→ **SOURCE DATA**
────────────────

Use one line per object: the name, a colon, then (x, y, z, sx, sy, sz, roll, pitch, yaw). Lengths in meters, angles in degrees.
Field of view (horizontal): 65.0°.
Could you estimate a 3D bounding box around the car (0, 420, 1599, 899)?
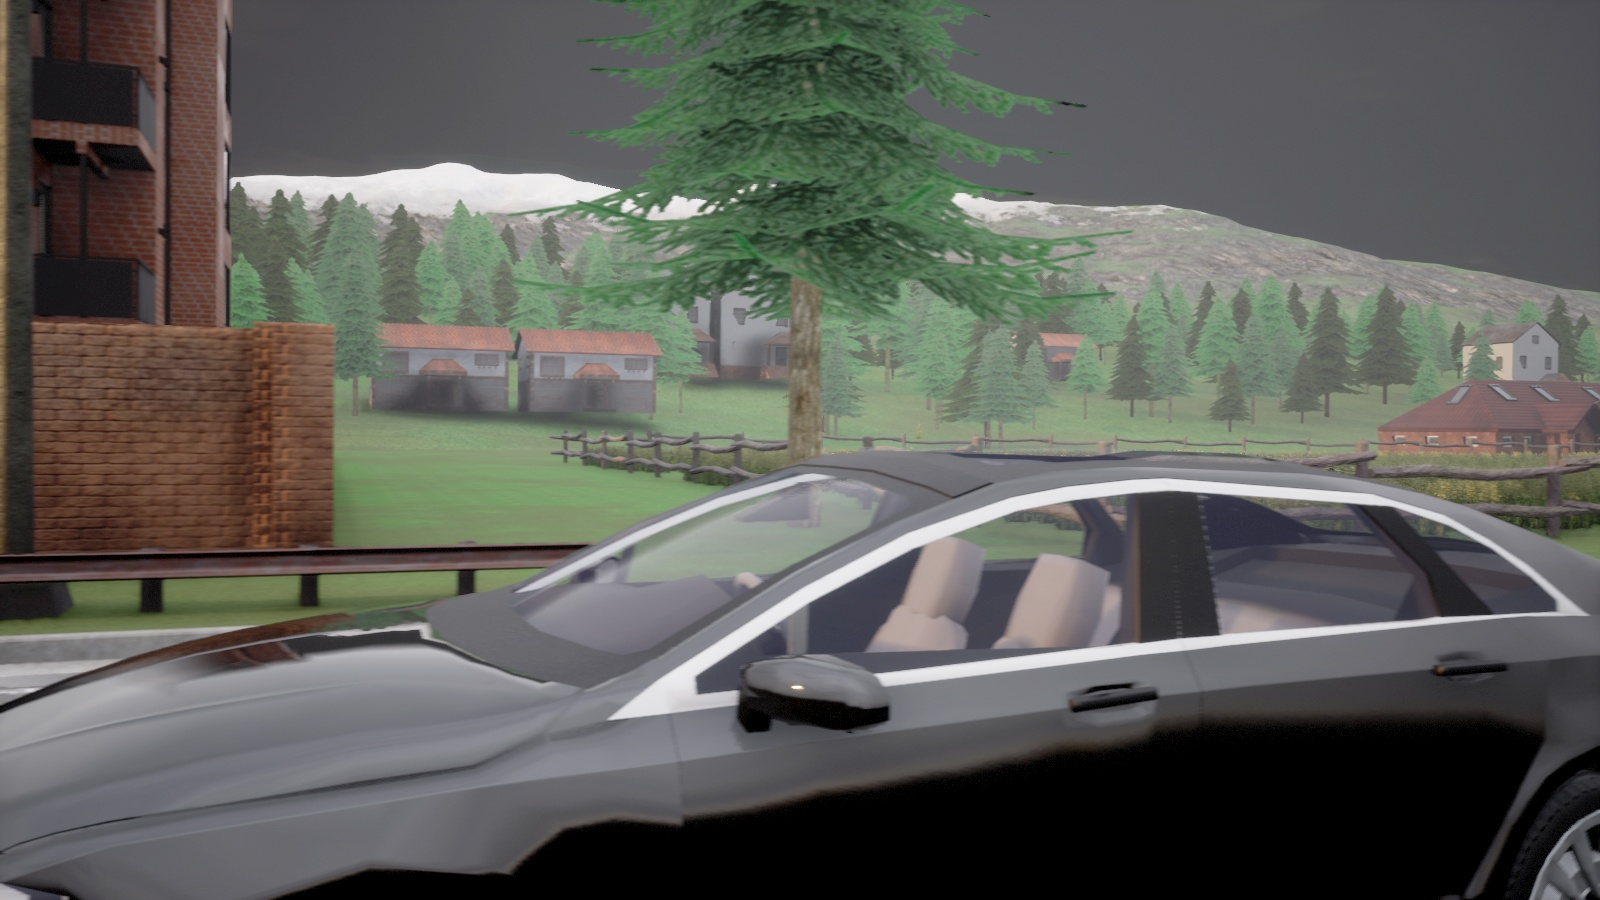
car: (0.297, 0.696, 3.353, 4.902, 1.511, 2.128, -1, 1, -21)

────────────────

→ **ASSIGNMENT**
The full listing must come back exactly as written, with its pictures left out.

→ **OUTPUT BELOW**
Use one line per object: the name, a colon, then (x, y, z, sx, sy, sz, roll, pitch, yaw). Lengths in meters, angles in degrees.
Field of view (horizontal): 65.0°.
Could you estimate a 3D bounding box around the car (0, 420, 1599, 899)?
car: (0.297, 0.696, 3.353, 4.902, 1.511, 2.128, -1, 1, -21)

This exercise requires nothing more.